> [Work task] Repeat every line of the data exactly; no picture belongs in the copy.

─── Given data ───

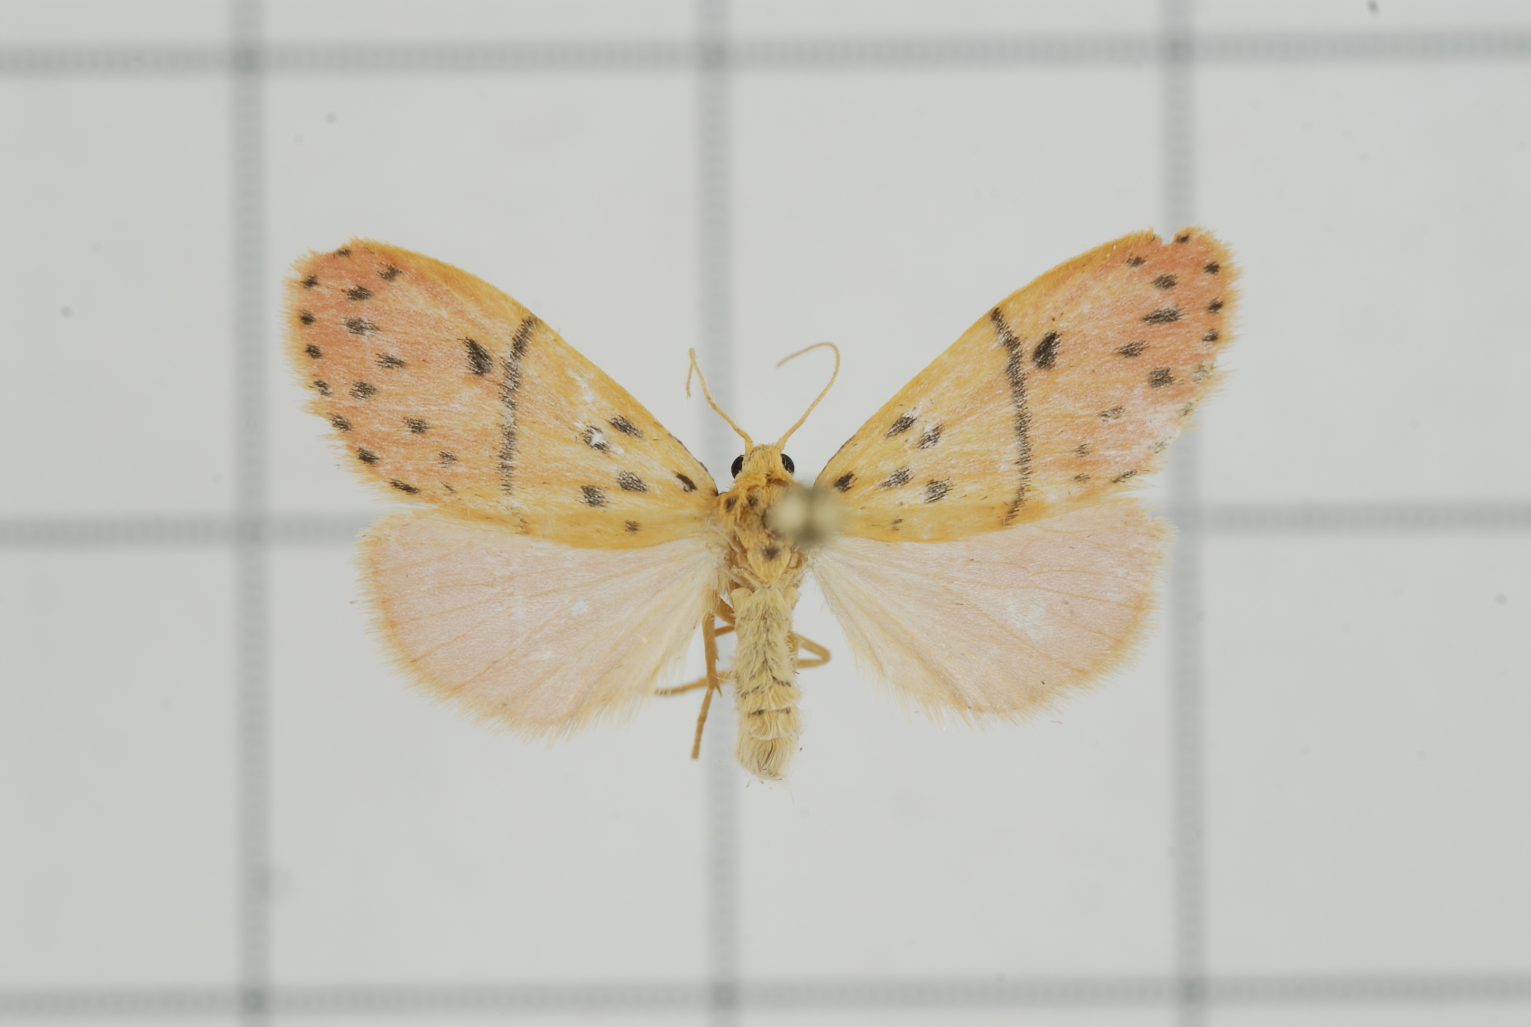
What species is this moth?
Miltochrista arcuata
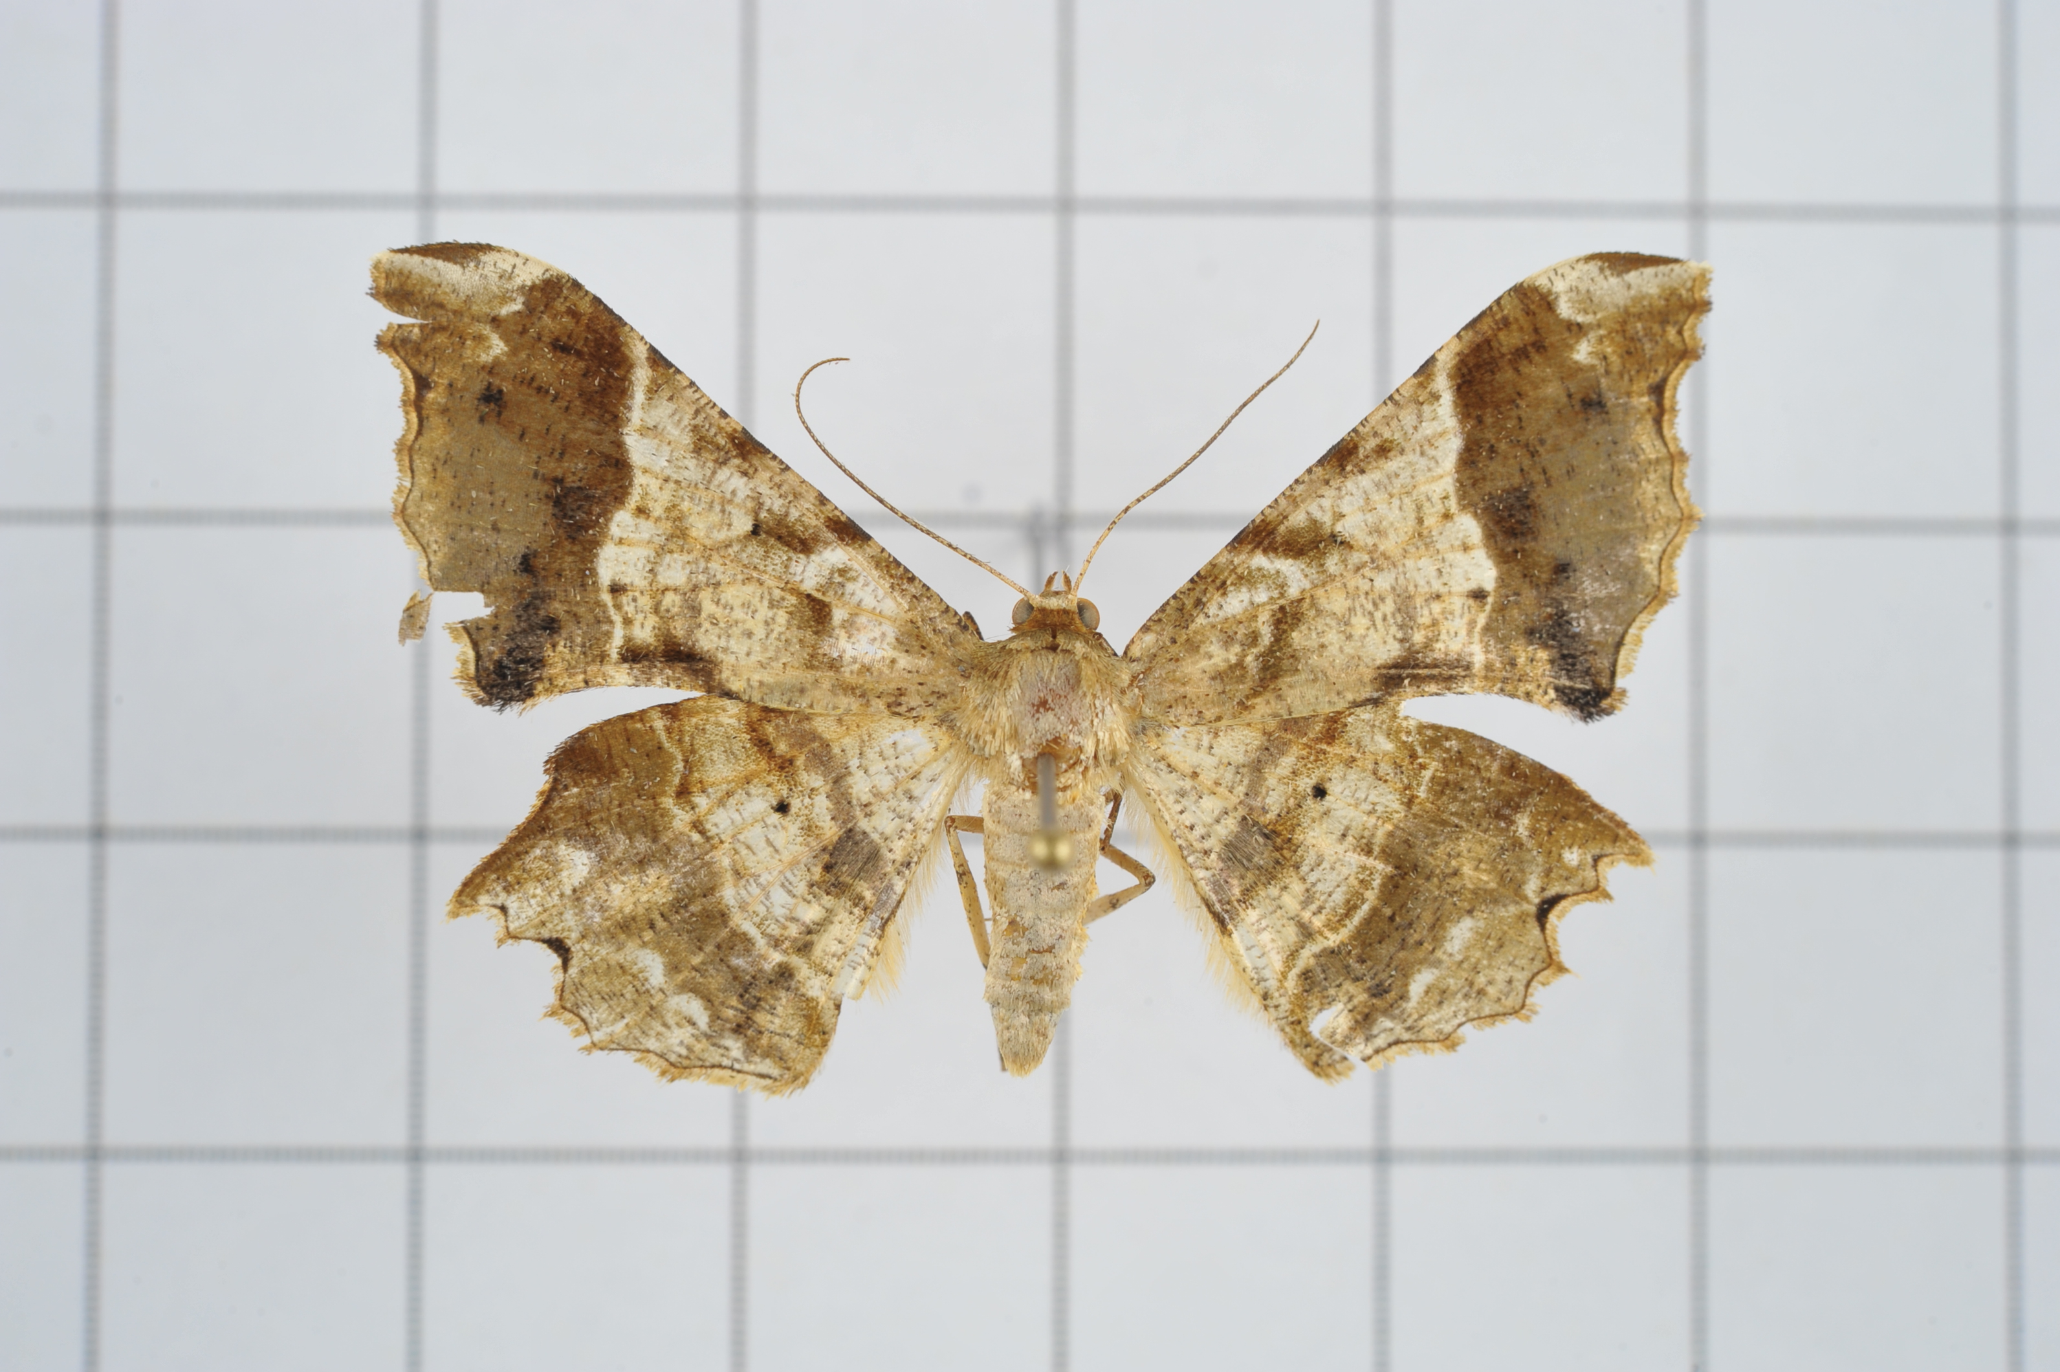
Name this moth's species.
Krananda oliveomarginata
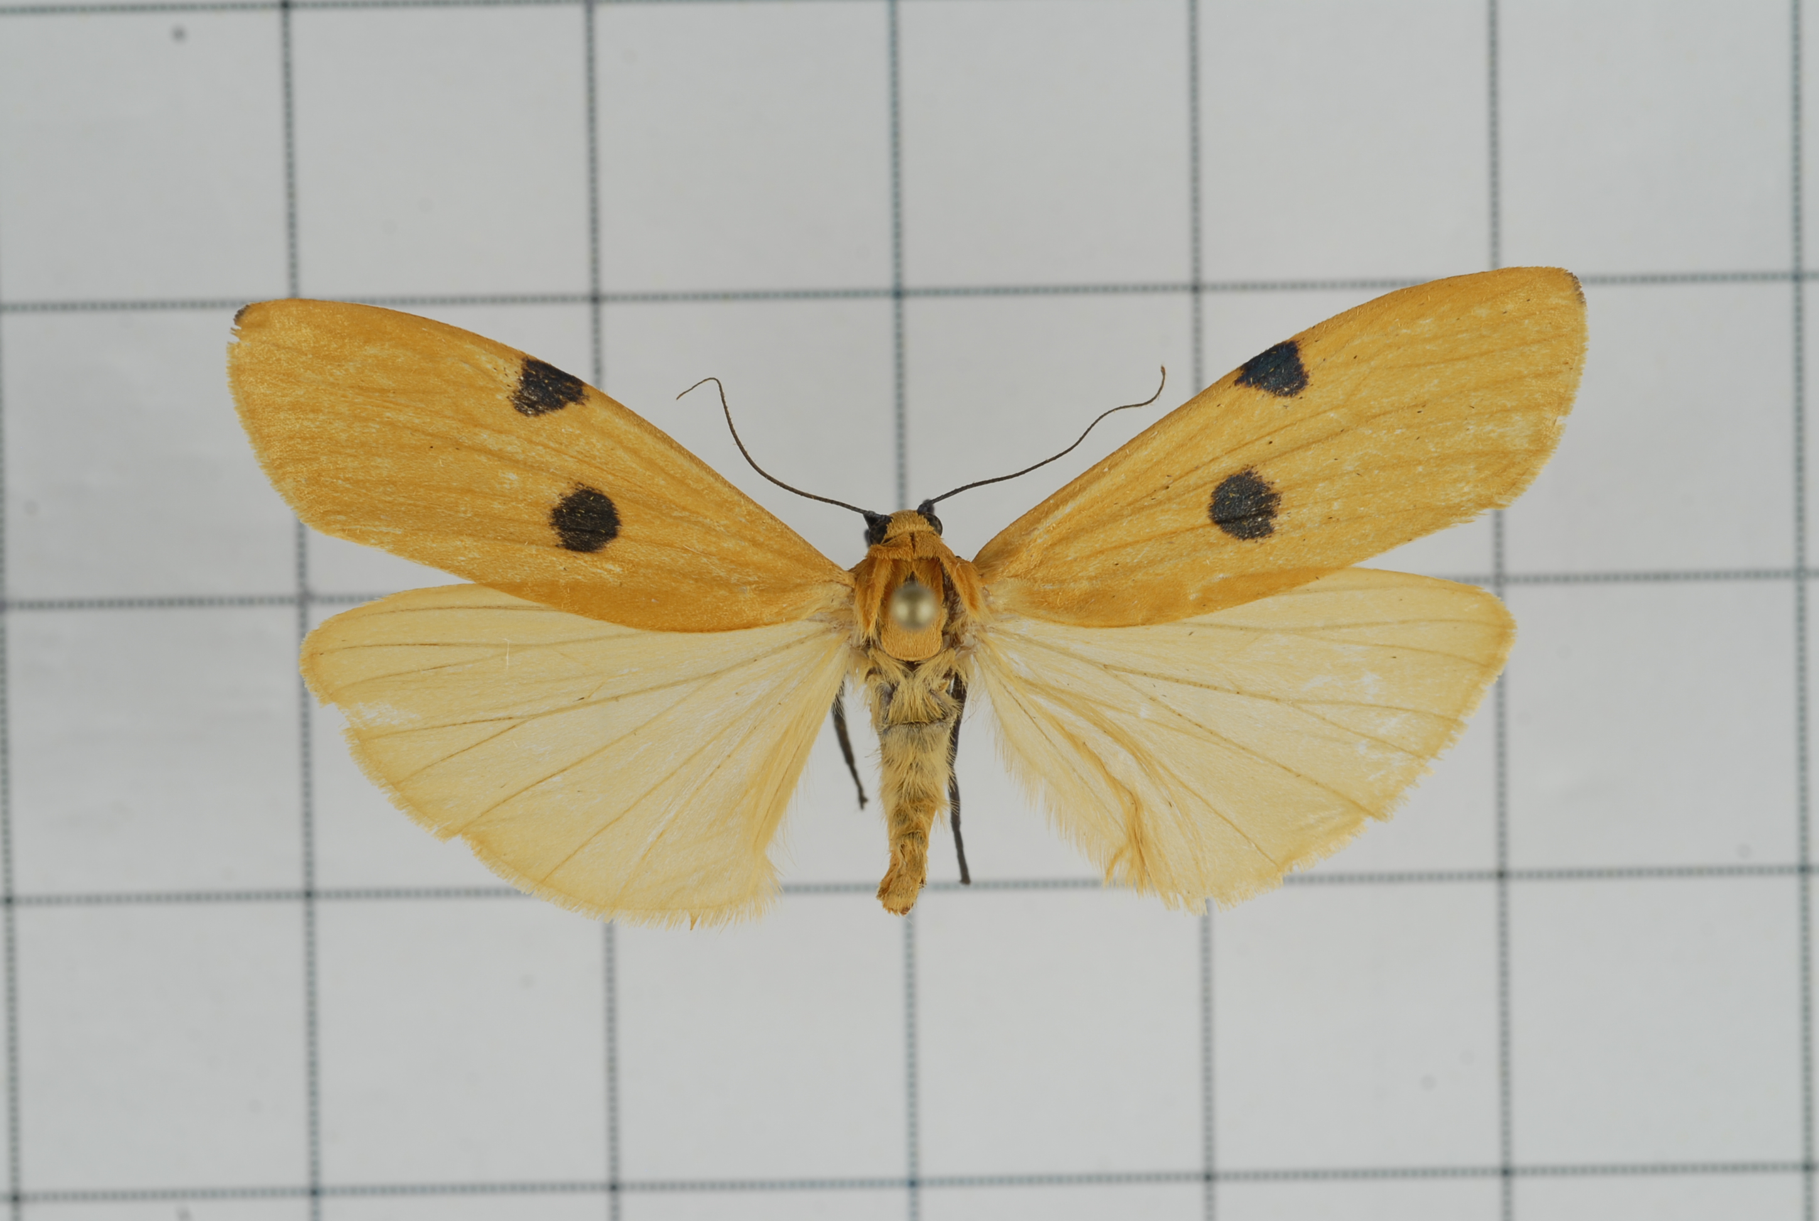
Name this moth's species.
Conilepia nigricosta paiwan
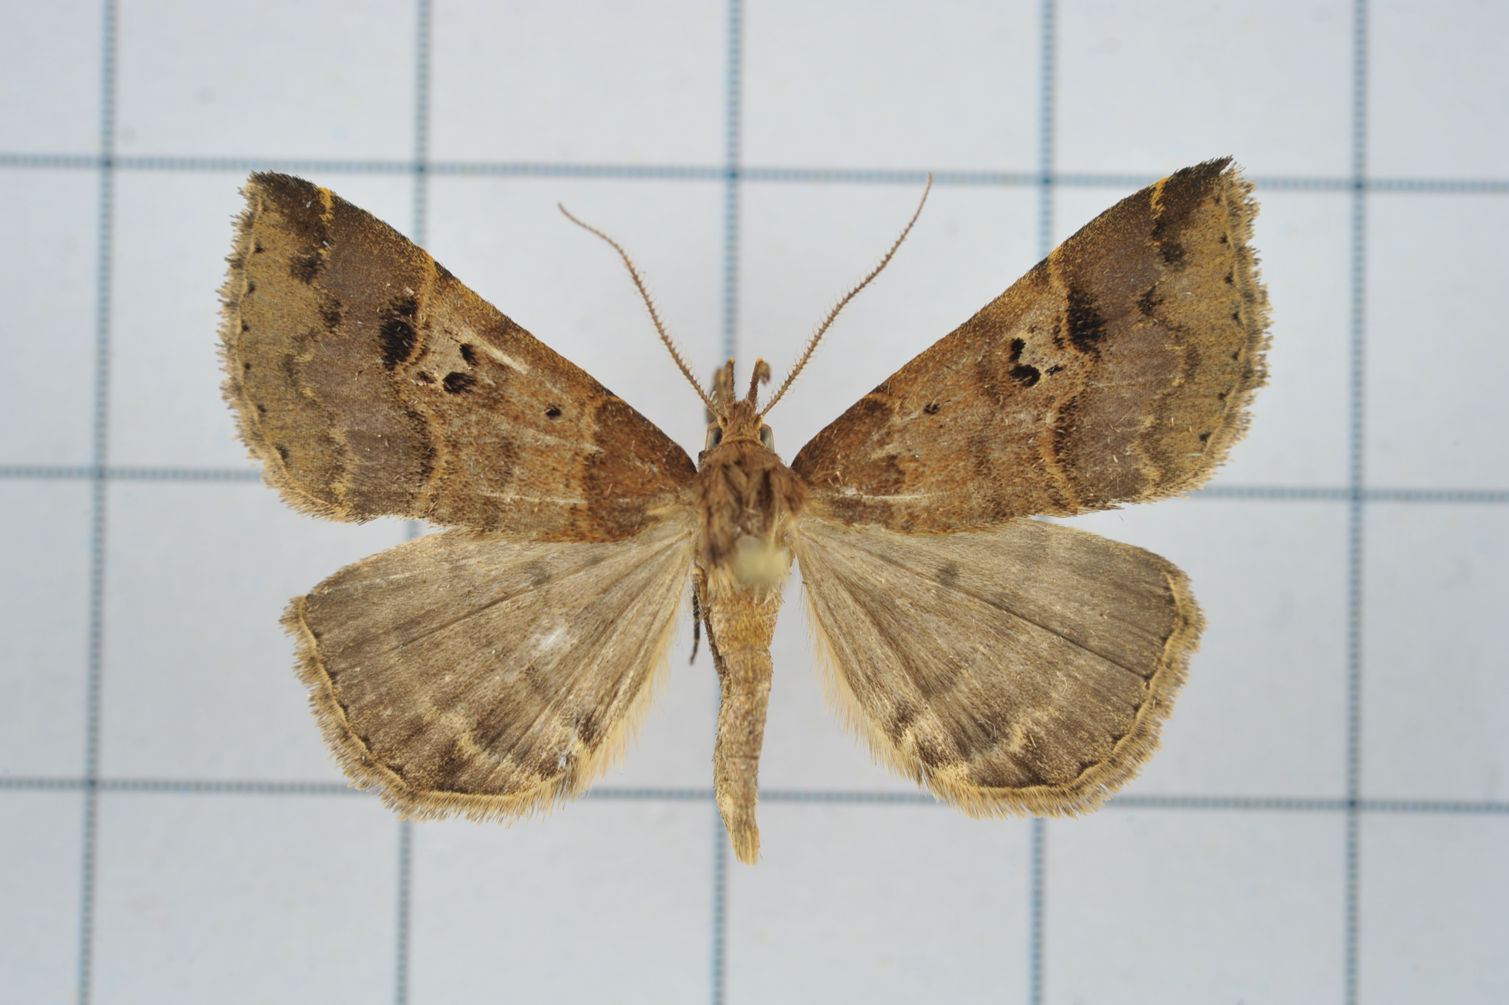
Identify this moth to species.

───

> [Answer box]
What species is this moth?
Miltochrista arcuata
Name this moth's species.
Krananda oliveomarginata
Name this moth's species.
Conilepia nigricosta paiwan
Identify this moth to species.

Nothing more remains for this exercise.